The highest-performing Claude agent systems in production share five principles that cut against the instinct to over-engineer:
First, context engineering dominates architecture. What enters the context window, when it's loaded, and how it's compressed matters more than the number of agents or the orchestration framework. Invest in CLAUDE.md files, progressive disclosure, prompt caching, and compaction strategies before adding multi-agent complexity.
Second, the right model for the right task is a 3x cost lever. Haiku 4.5 at $1/$5 handles routing, classification, and validation within 2-5% of Sonnet accuracy. Sonnet 4.6 at $3/$15 handles 80-90% of coding work at near-Opus quality. Opus 4.6 is reserved for architecture-level reasoning and 1M-context analysis. A production model router implementing this split saved one team $365K/year.
Third, tool design requires the same rigor as prompt engineering.
Descriptions of 3-4+ sentences, strict: true for schema validation,
input_examples for complex parameters, and the Tool Search Tool for
10+ tool libraries are all table stakes for production agents.

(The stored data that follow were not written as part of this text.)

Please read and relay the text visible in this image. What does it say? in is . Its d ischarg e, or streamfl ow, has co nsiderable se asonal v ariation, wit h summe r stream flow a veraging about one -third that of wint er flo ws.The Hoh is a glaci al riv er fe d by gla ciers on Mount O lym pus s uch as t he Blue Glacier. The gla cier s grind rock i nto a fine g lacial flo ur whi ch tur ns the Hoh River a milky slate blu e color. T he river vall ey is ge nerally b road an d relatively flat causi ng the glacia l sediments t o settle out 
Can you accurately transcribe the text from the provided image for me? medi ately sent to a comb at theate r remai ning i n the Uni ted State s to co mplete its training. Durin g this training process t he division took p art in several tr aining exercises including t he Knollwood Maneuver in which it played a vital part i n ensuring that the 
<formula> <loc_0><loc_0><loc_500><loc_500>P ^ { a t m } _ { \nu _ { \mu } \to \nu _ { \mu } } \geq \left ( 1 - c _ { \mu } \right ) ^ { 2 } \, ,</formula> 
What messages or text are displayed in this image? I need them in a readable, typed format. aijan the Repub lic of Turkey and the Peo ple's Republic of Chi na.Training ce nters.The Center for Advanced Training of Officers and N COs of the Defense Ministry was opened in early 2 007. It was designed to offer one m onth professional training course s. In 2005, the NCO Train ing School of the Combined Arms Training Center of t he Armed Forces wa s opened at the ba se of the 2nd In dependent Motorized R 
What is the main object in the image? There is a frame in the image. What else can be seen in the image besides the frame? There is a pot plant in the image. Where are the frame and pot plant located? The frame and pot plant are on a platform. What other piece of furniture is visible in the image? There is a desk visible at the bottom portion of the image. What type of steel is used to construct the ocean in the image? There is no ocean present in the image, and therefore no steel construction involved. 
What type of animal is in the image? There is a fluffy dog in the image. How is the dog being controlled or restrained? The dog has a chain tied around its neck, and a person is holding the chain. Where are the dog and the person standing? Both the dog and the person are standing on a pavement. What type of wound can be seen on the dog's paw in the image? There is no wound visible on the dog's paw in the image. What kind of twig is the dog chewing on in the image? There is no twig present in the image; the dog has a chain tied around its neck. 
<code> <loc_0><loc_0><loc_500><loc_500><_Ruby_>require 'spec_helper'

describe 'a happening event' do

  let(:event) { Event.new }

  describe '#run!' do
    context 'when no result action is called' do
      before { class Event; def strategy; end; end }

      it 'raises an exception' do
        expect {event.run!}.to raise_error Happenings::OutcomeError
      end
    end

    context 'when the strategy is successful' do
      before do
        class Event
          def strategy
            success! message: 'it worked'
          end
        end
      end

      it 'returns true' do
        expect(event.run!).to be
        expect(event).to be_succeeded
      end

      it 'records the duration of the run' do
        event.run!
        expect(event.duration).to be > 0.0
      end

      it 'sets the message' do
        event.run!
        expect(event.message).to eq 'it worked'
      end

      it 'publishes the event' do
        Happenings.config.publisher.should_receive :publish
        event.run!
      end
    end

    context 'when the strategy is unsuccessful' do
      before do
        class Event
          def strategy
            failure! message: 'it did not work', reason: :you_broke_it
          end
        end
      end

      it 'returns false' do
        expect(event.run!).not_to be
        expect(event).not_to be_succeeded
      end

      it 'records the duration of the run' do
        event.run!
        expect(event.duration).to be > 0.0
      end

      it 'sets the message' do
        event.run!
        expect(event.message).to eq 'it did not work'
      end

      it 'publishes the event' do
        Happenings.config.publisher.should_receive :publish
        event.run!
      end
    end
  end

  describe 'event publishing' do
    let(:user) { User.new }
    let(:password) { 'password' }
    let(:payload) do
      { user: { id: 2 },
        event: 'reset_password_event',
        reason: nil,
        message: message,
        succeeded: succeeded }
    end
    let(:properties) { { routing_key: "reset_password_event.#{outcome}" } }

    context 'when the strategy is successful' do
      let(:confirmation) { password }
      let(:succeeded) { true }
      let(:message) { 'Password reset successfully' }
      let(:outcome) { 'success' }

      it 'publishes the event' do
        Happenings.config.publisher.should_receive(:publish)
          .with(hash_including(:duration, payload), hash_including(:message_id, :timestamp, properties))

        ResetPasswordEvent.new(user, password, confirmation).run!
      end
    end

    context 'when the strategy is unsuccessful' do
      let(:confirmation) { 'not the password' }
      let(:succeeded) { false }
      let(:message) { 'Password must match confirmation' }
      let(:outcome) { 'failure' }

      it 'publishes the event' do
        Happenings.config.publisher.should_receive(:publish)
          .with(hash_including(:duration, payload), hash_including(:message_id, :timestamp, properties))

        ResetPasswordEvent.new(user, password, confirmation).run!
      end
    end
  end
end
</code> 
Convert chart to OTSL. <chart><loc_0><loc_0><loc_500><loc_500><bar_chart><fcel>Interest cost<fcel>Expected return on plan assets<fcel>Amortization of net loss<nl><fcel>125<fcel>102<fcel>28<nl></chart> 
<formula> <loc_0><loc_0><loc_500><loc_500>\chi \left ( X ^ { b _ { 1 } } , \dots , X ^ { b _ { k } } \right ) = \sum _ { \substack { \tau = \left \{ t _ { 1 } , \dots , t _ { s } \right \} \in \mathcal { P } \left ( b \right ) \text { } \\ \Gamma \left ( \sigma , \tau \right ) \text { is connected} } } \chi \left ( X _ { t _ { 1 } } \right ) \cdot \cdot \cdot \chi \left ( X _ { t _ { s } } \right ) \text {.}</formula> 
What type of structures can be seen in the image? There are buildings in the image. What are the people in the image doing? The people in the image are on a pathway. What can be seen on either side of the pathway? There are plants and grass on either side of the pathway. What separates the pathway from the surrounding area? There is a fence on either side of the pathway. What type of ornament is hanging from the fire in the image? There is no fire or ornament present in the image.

Fourth, specification quality drives reliability more than infrastructure. With 79% of multi-agent failures traced to specification issues, the most impactful investment is in clear task descriptions, explicit scaling rules, termination conditions, and tool scoping, not in framework selection or infrastructure sophistication.
Fifth, start with raw SDK, add layers only when measured outcomes improve. Anthropic's own recommendation, and the pattern their most successful customers follow, is to begin with the 50-line agent loop, add the Agent SDK when you need built-in tools, and adopt a framework only when you need stateful graph-based routing or built-in observability. The complexity you avoid is the complexity you'll never need to debug at 3 AM.